[erlang-questions] Strings - deprecated functions

Loïc Hoguin essen@REDACTED
Fri Nov 24 15:40:40 CET 2017

On 11/24/2017 03:07 PM, Eric des Courtis wrote:
>  From my perspective, we want the following things:
>   * The libraries to stay simple, small and clean (that means throwing
>     away things)
>   * Our old code to continue to work without modifications (that means
>     having a mechanism for compiling old code targetting new versions of
>     Erlang)

That can work in many cases but not in the general case. This only works 
for a specific set of changes where an equivalent still exists in the 
code base.

For example removing ciphers or hashes in crypto requires human 
intervention on every code bases that require them.

Another issue comes from old code requiring syntax or VM features that 
have been removed.

Then you have issues where it is technically still possible to do the 
old functionality, but the performance or memory aspects are not equivalent.

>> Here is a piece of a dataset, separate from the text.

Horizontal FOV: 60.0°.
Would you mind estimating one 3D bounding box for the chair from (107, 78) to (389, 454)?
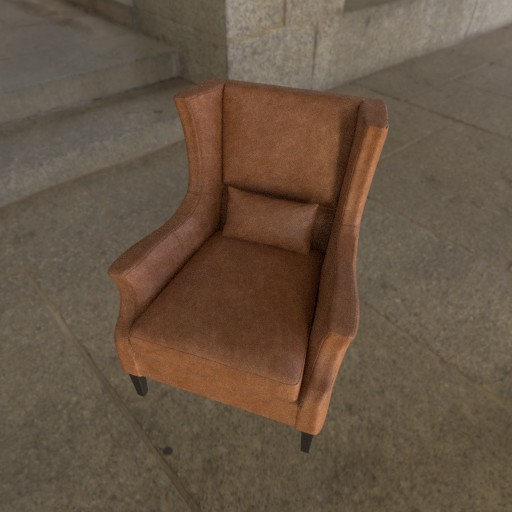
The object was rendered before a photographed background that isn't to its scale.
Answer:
[{"bbox_3d":[0.000,0.000,1.689,0.853,1.016,0.926,13,43,15],"label":"chair"}]

>   * To mix old and new Erlang code together

If it's maintained, no problem. If not, even if it compiles and runs you 
should probably make sure to have a good set of tests to know it still 
works as intended.

You'll want to do this even if OTP team go out of their way to make sure 
everything stays compatible forever.

> I see no reason why we can't have both. What I am not okay with is:
>   * Endlessly growing libraries of functions that are there for legacy
>     reasons (wasting space and confusing new developers)
>   * Fixing libraries over and over again because something got marked
>     deprecated
> So how do we get both?

You don't.

In fact your second point is incorrect: there's absolutely no reason to 
fix a library because something got marked deprecated.

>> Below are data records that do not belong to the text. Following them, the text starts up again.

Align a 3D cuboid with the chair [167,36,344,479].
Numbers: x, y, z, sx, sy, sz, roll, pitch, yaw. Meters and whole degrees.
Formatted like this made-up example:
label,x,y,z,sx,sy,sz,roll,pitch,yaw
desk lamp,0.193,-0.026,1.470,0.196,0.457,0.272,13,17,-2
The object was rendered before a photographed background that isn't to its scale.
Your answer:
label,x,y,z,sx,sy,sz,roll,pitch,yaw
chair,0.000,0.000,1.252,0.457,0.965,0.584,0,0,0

Developers should not "fix" libraries when something gets marked 
deprecated. Developers should *take notice* that something has been 

There's nothing to fix to begin with! Check your OCD levels and stop 
trying to get rid of all the deprecation warnings with obscure parse 
transforms or version-specific defines...

The time to fix comes when the feature gets *removed* or is rendered 
*incompatible*. (Or soon before that actually happens, anyway.)

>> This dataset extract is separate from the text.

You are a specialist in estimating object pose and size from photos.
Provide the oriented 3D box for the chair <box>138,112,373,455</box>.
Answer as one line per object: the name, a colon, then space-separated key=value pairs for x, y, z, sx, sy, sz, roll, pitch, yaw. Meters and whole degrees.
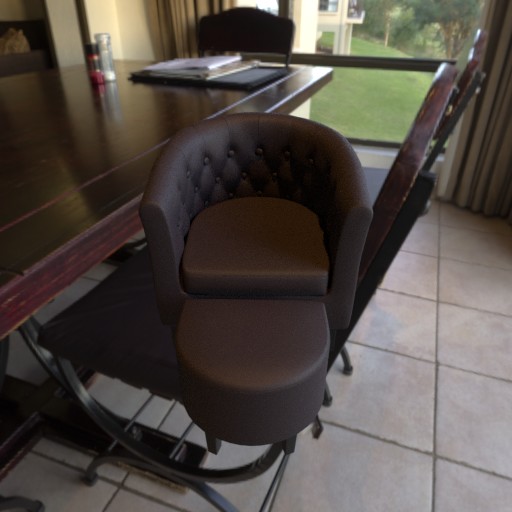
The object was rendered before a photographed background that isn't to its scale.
chair: x=0.000 y=0.000 z=1.602 sx=0.763 sy=0.760 sz=1.191 roll=1 pitch=31 yaw=1

As far as the string module is concerned, there's absolutely no need to 
spend efforts to make your code run for both the old and the new string 
module because the functions will not be removed for a very long time. 
And until they are, chances are you will stop supporting OTP versions 
before the new functions were introduced. You can do the changes THEN.

I am baffled every time someone opens a ticket telling me that I have 
deprecation warnings. I know! But they're harmless and the code works on 
all supported versions, so why would I spend efforts to remove it?

Your question can be reframed to be about an endlessly growing library + 
having to fix libraries when things get removed, which is more of a 
choice, you can't really have both. Either you have an endlessly growing 
library, or you remove functions and fix libraries (manually or otherwise).